Come potevo dedicarlo a te, mio intimo, a cui sono e non sono rimasta fedele,
ma comunque, in entrambi i casi, amandoti».
Heidegger intanto aveva una relazione amorosa con
una contessa, ed Elfride gli stava alle calcagna chiedendogli i motivi di
quell’ennesimo tradimento. Lui la rassicurò dicendole che avrebbe soltanto dato
benefici al loro rapporto. Forse in verità Elfride per lui era solo la donna
che doveva crescere i suoi figli, mentre le altre tante amanti un modo per
risvegliare il suo eros. Aveva sessantacinque anni, ma era sempre più stanco.
Tra Hannah e Martin però lo scambio di opinioni non
venne mai meno. Da lui tornava una volta all’anno a volte due e insieme
discutevano, si confrontavano, si scambiavano doni.

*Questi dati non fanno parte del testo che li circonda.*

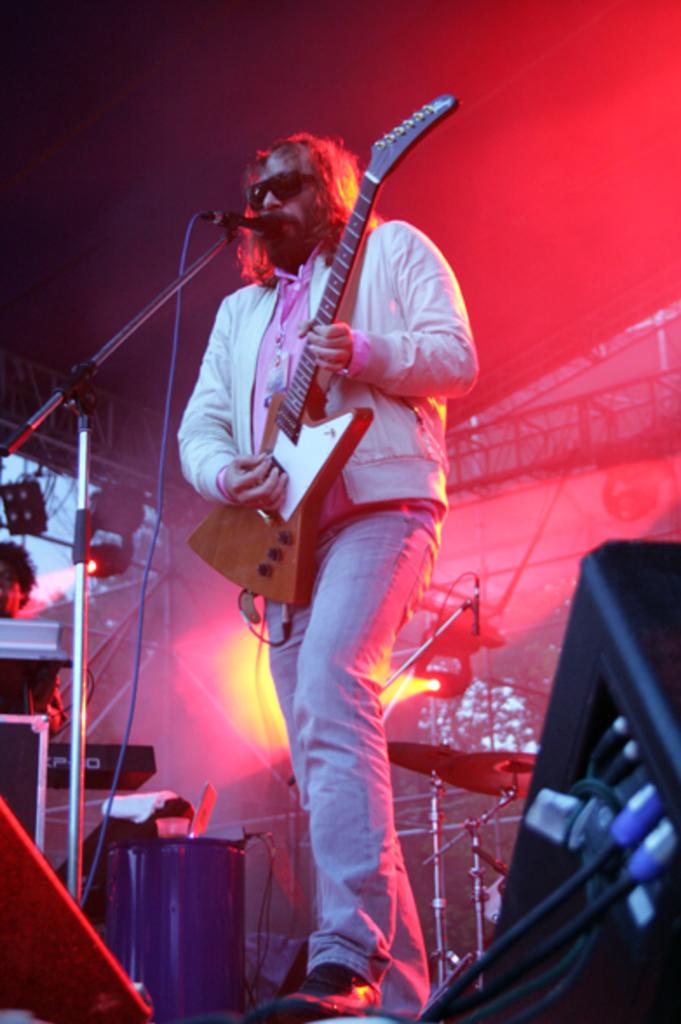What is the main subject of the image? There is a person in the image. What is the person doing in the image? The person is playing a guitar. What can be seen near the person in the image? The person is standing in front of a mic. What type of animal can be seen playing baseball in the image? There is no animal or baseball activity present in the image. How many people are in the image playing the guitar? The image only shows one person playing the guitar.

Nel 1975 lei scrisse a una
sua amica: «Ho visto Heidegger […] è stata una cosa alquanto triste. […] era
stanco, ma non è questa la parola giusta; era lontano, irraggiungibile come non
mai, come spento. […] Noi due, Elfride e io, abbiamo conversato un po’ e mi è
sembrata davvero preoccupata e per niente ostile».

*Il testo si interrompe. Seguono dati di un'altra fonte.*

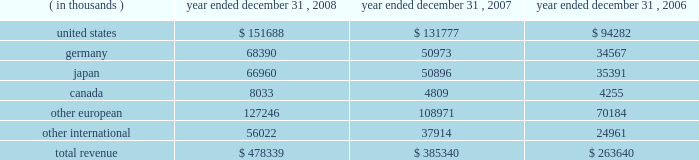15 .
Leases in january 1996 , the company entered into a lease agreement with an unrelated third party for a new corporate office facility , which the company occupied in february 1997 .
In may 2004 , the company entered into the first amendment to this lease agreement , effective january 1 , 2004 .
The lease was extended from an original period of 10 years , with an option for five additional years , to a period of 18 years from the inception date , with an option for five additional years .
The company incurred lease rental expense related to this facility of $ 1.3 million in 2008 , 2007 and 2006 .
The future minimum lease payments are $ 1.4 million per annum from january 1 , 2009 to december 31 , 2014 .
The future minimum lease payments from january 1 , 2015 through december 31 , 2019 will be determined based on prevailing market rental rates at the time of the extension , if elected .
The amended lease also provided for the lessor to reimburse the company for up to $ 550000 in building refurbishments completed through march 31 , 2006 .
These amounts have been recorded as a reduction of lease expense over the remaining term of the lease .
The company has also entered into various noncancellable operating leases for equipment and office space .
Office space lease expense totaled $ 9.3 million , $ 6.3 million and $ 4.7 million for the years ended december 31 , 2008 , 2007 and 2006 , respectively .
Future minimum lease payments under noncancellable operating leases for office space in effect at december 31 , 2008 are $ 8.8 million in 2009 , $ 6.6 million in 2010 , $ 3.0 million in 2011 , $ 1.8 million in 2012 and $ 1.1 million in 2013 .
16 .
Royalty agreements the company has entered into various renewable , nonexclusive license agreements under which the company has been granted access to the licensor 2019s technology and the right to sell the technology in the company 2019s product line .
Royalties are payable to developers of the software at various rates and amounts , which generally are based upon unit sales or revenue .
Royalty fees are reported in cost of goods sold and were $ 6.3 million , $ 5.2 million and $ 3.9 million for the years ended december 31 , 2008 , 2007 and 2006 , respectively .
17 .
Geographic information revenue to external customers is attributed to individual countries based upon the location of the customer .
Revenue by geographic area is as follows: .

In 2008 what was the percent of the revenue by geographic from the unite states? 
Computations: (151688 / 478339)
Answer: 0.31711. 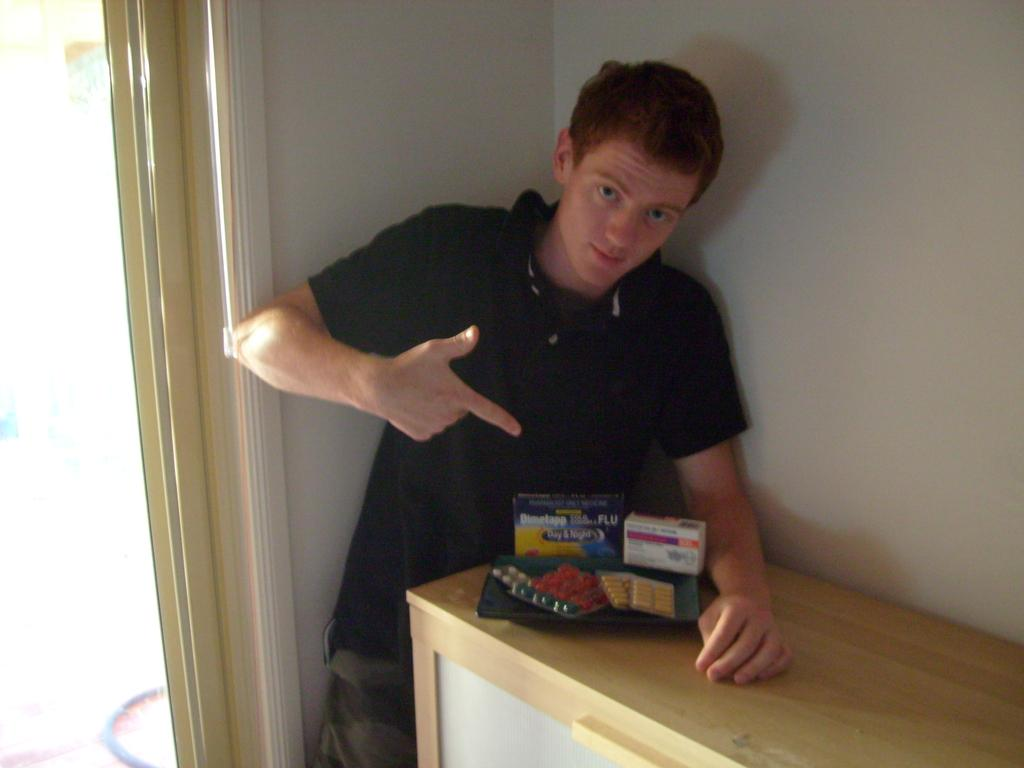Who is present in the image? There is a man in the image. What is the man doing in the image? The man is standing near a wall and pointing towards tablets. What is the man wearing in the image? The man is wearing a black t-shirt. What can be seen on the left side of the image? There is a door on the left side of the image. Can you see a goat walking along a line in the image? There is no goat or line present in the image. Is there a river flowing through the scene in the image? There is no river visible in the image.

La Arendt morì all’improvviso poco dopo e Heidegger
soltanto cinque mesi dopo di lei.
Così si concluse la loro storia.
Riferimenti bibliografici:
Antonia Grunemberg,
Hannah Arendt e Martin Heidegger storia di un amore, Longanesi, Milano 2006.
Franco Volpi, Guida a
Heidegger, Laterza, Roma 2012.
Concludo con un mio pensiero: pare davvero assurdo che una donna ebrea, che ha dovuto sfuggire alla persecuzione nazista, debba difendere Eichmann. Ma dobbiamo tener conto che lei in realtà studiò solo il comportamento di un uomo che è stato plagiato da un sistema, che gli ha annullato la volontà, che gli ha cancellato la coscienza. Quell'uomo non aveva più idee proprie, avendo abbracciato l'ideologia di un criminale.